From the journals: MCP
Discovering drugs in deadly venom. Improving transplant outcomes with better storage. Linking mannose glycosylation to eye development. Read about papers on these topics recently published in the journal Molecular & Cellular Proteomics.
Drug discovery from deadly venom
The purple cone snail, Conus purpurascens, hunts fish and uses venom to immobilize its prey. Cone snail venom contains diverse toxic peptides, or conopeptides, that are biologically active, target-specific and valuable for drug discovery. One of the most powerful known painkillers, ziconotide, marketed as Prialt, was derived from a conopeptide.
allowing a researcher to collect its venom.

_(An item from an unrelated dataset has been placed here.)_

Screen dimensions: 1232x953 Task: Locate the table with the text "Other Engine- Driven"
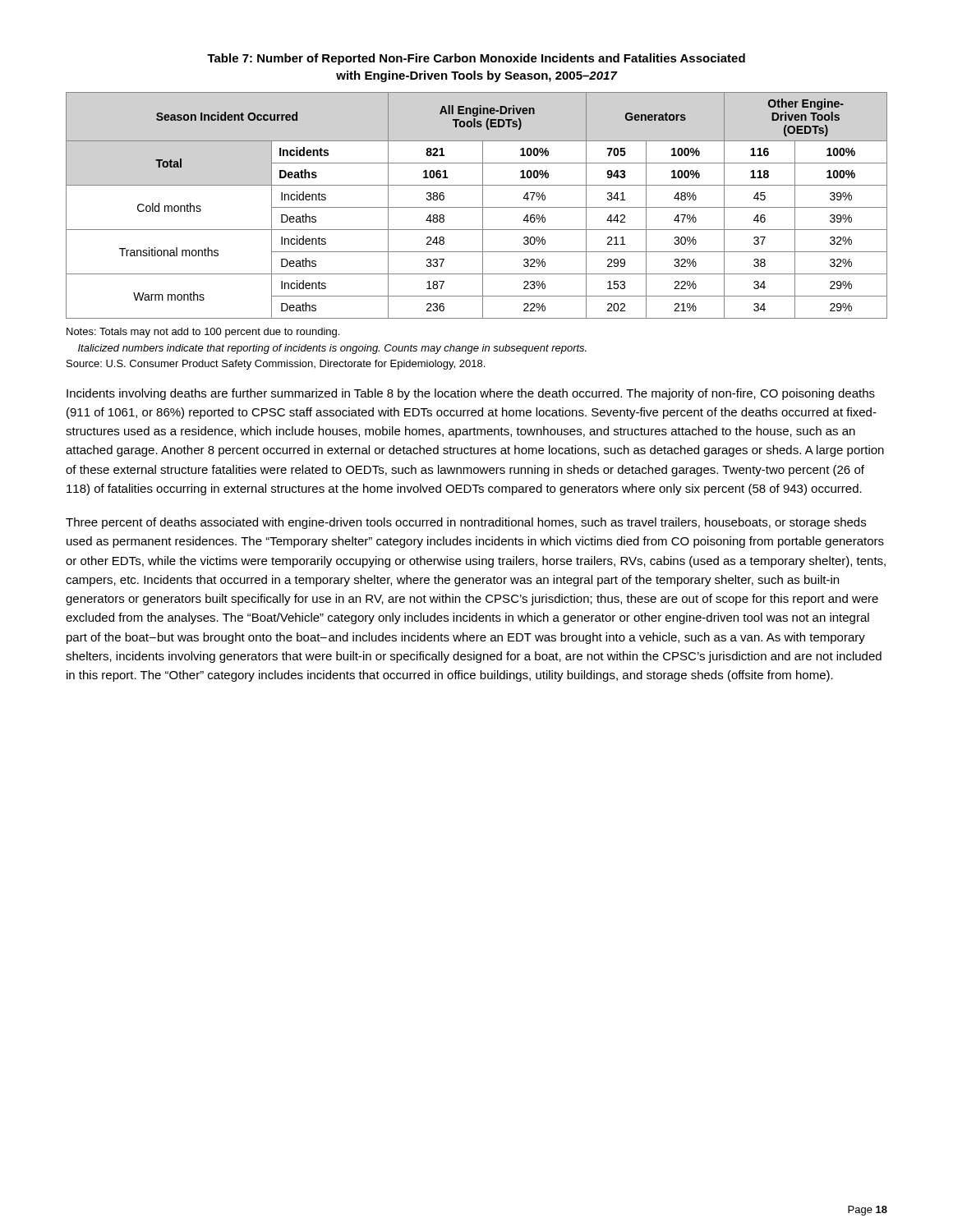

Conopeptides vary among the more than 800 cone snail species and among members of the same species. Even a single cone snail specimen can produce unique conopeptide cocktails, called cabals, specialized for predation or defense. Cone snails also can hypermodify conopeptides at the post-translational step, increasing the diversity of the toxins and extending their range of biological targets. The extreme diversity of conopeptides provides a rich source of biologically active molecules for drug discovery.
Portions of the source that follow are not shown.